Come funziona la cameriera robot

In tutte queste attività “BellaBot” si sta rivelando una collega fidata: «Innanzitutto è educatissima - sorridono Muzzi e Rigon - basta darle le giuste istruzioni e lei esegue, che si tratti di muoversi tra i tavolini all’interno, in veranda e anche all'esterno». Istruirla, del resto, è semplice. Sullo schermo ci sono già le diverse opzioni possibili (“cucina”, “veranda”, “bar”, “lavaggio”) con il numero dei tavoli. Se si vuole, per esempio, che venga consegnata una colazione ai clienti seduti alla postazione 33 non serve fare altro che digitare le informazioni sul monitor e in men che non si dica il tutto arriva a destinazione. 

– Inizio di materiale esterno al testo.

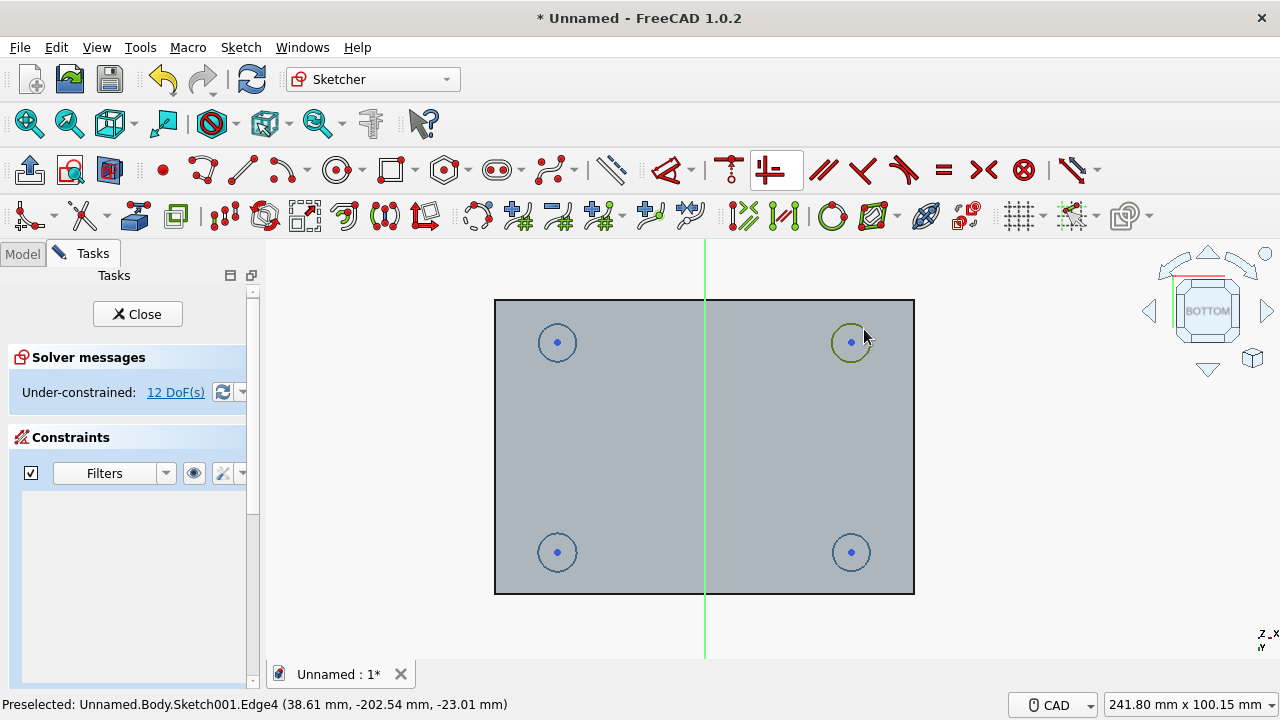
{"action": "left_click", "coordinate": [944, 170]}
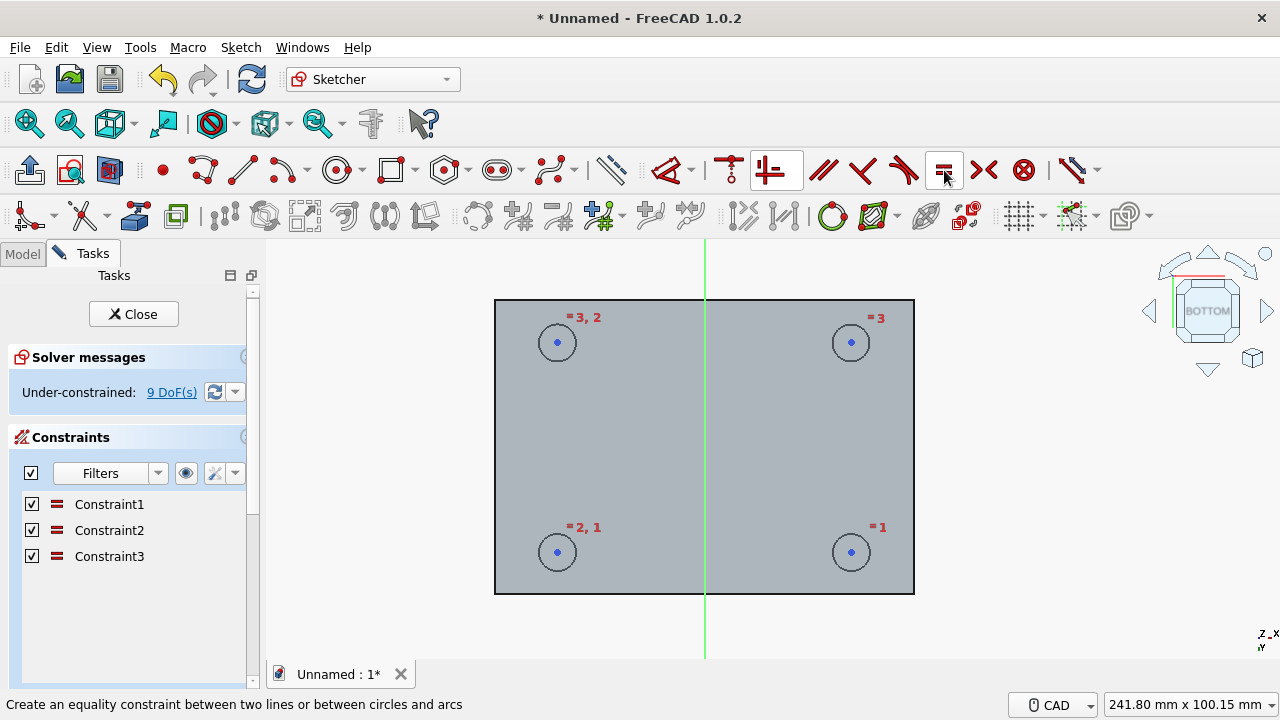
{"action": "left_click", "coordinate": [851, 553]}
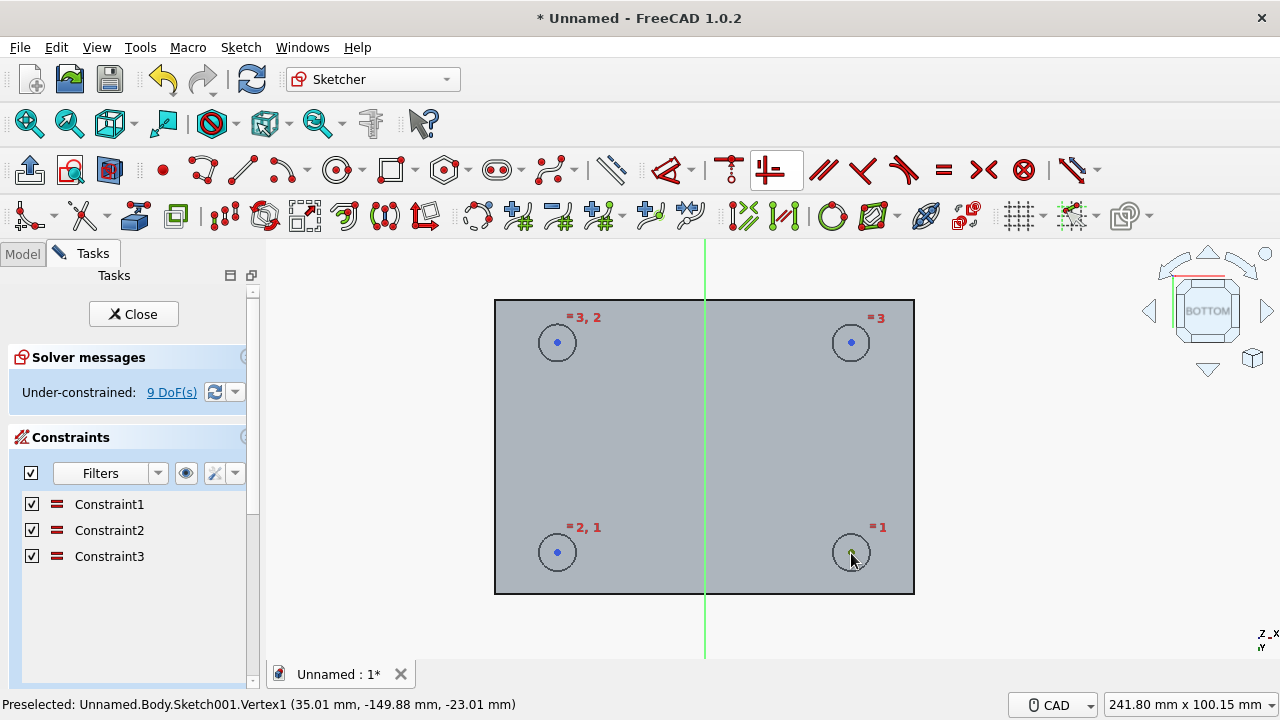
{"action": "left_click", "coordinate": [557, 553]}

La tecnologia come aiuto per lavorare meglio

«Naturalmente ha un’intelligenza artificiale che le fa riconoscere ed evitare gli ostacoli, c’è solo qualche difficoltà con i tavoli rotondi, perché spesso le sedie vengono spostate diversamente e questo può metterla in confusione», ammettono i titolari. Per il resto, se l’aiutante tecnologica continuerà a comportarsi come sta facendo da una settimana a questa parte, l’“assunzione” al termine del periodo di prova concesso dall’azienda produttrice Pudu sembra ormai cosa fatta. «Ne avevamo testato anche un altro, ma non permetteva di portare le bevande a causa delle vibrazioni, mentre con “BellaBot” questo problema non c’è», riferiscono i proprietari, che già anni fa erano stati precursori nelle ordinazioni fai-da-te mediante tablet.

«Non c’è da avere timore della tecnologia quando ci aiuta a lavorare meglio e il nostro scopo è solo questo - concludono - ma niente e nessuno, lo ribadiamo, potrà mai sostituire il lavoro preziosissimo del nostro staff».